Yes, if you can prove 1) That the act of telling the joke was reasonably likely to insult, offend or humiliate and 2) It is done because of the race, colour or (as in this case) ethnic origin of the other person or group.

All of this also needs to be done in a public place too.

Personally I think you'd struggle to prove (1) in most instances by telling an Irish joke, unless there was a culture (such as in a workplace) of making derogatory comments about the Irish.


----------



## moXJO (30 September 2011)

Kiwi's must have a case by now heard one on tv the other night


----------



## Calliope (30 September 2011)

Macquack said:


> What a laugh, Bolt must have forgotten what he was in court for.




We all know why Bolt was in court. It was because the left were out to get him, and allegations of racial vilification, no matter how flimsy, stand a better chance of succeeding in the Federal court than libel or defamation.


----------



## Sean K (30 September 2011)

moXJO said:


> Kiwi's must have a case by now heard one on tv the other night



Can sheep raise a court case?


----------



## wayneL (30 September 2011)

Tink said:


> Wayne, that applies to all journalists.
> 
> His freedom of speech wasnt the problem, it was the way it was said, and the Judge has said that, but of course he wont admit that but goes off in another direction, causing more division, saying that he wants unity.

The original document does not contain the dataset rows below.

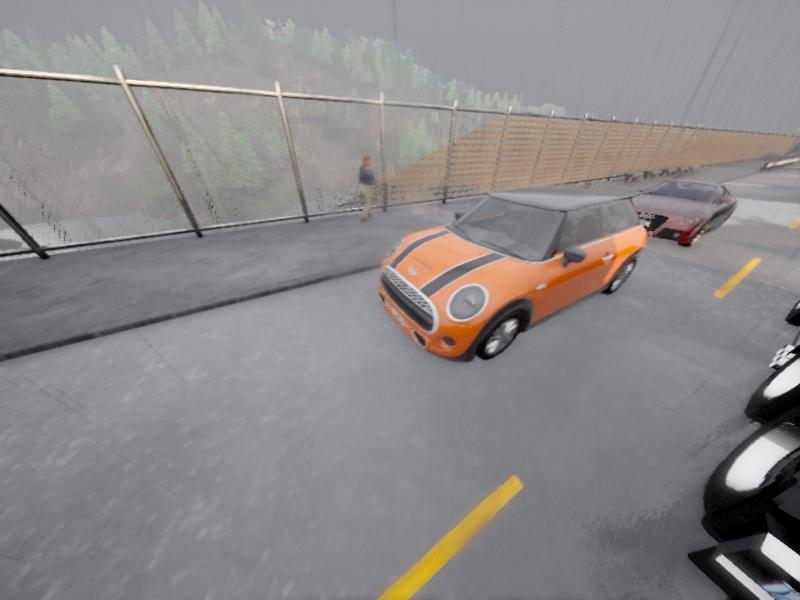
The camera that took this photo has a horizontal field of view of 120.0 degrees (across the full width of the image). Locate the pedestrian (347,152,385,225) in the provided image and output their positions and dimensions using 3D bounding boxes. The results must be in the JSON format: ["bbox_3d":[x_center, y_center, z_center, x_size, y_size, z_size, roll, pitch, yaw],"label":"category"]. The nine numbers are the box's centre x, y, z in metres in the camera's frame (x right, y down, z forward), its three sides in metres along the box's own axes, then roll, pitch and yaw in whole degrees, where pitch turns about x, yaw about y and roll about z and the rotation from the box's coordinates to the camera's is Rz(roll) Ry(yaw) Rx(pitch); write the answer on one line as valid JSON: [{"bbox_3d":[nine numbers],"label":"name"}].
[{"bbox_3d":[-0.985,-3.339,6.957,0.751,1.860,0.751,-20,40,-26],"label":"pedestrian"}]

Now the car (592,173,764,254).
[{"bbox_3d":[8.268,-2.797,6.933,4.181,1.385,1.994,-18,39,-25],"label":"car"}]

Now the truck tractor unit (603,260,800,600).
[{"bbox_3d":[5.108,-0.302,0.797,6.516,4.208,3.053,-18,39,-25],"label":"truck tractor unit"}]

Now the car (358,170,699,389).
[{"bbox_3d":[1.938,-0.888,3.746,4.553,1.767,2.097,-18,39,-24],"label":"car"}]
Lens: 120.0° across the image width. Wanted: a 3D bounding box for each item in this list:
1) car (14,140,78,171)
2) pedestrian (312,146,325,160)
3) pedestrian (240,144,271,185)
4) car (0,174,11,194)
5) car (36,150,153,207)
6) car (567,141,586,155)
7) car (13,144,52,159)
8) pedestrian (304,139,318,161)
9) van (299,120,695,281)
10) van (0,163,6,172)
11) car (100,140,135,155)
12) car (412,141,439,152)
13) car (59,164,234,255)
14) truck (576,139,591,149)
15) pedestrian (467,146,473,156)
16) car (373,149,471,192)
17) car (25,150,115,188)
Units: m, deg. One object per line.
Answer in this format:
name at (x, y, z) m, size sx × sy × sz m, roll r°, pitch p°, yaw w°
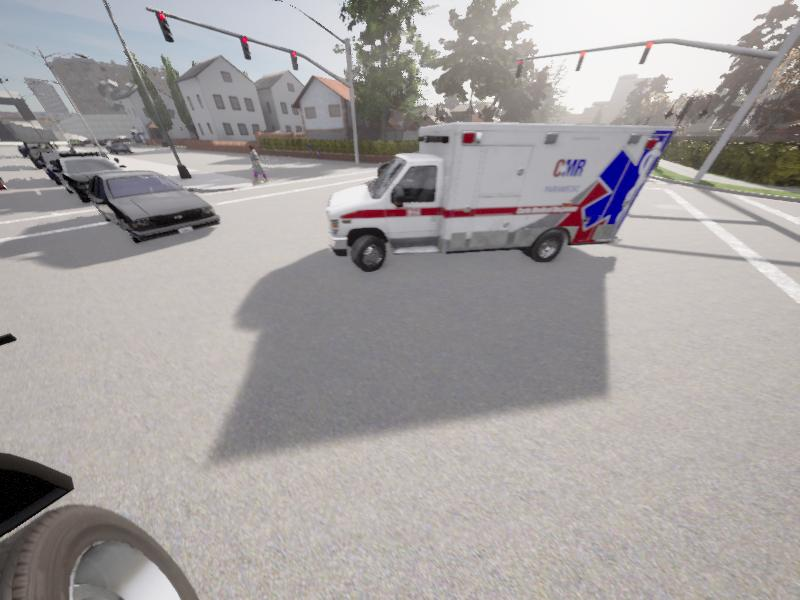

So you can say anything you like, so long as it's said in a certain way? 

Rot!

We all know we have an activist judiciary in Aus and NZ; and people of the left are curiously silent about left wing journalistic outrages.

As to the judgement. I am one eighth Teutonic, but the rest is Anglo Saxon. Supposing I identified as a German and someone said... actually you are more of a Pom, ethnically.

Have I been racially vilified? No! Preposterous!

This is tantamount to what has happened here.

Whether Bolt is exactly accurate or wise is a different matter entirely, but to deal with this under racial vilification statutes is an outrage and truly a blight on our purported liberty.

You cannot seriously accuse


----------



## Knobby22 (30 September 2011)

wayneL said:


> As to the judgement. I am one eighth Teutonic, but the rest is Anglo Saxon. Supposing I identified as a German and someone said... actually you are more of a Pom, ethnically.




Actually the Angles and the Saxons were German tribes so maybe you could argue it. :




wayneL said:


> Whether Bolt is exactly accurate or wise is a different matter entirely, but to deal with this under racial vilification statutes is an outrage and truly a blight on our purported liberty.





I have been away so am coming fresh to this.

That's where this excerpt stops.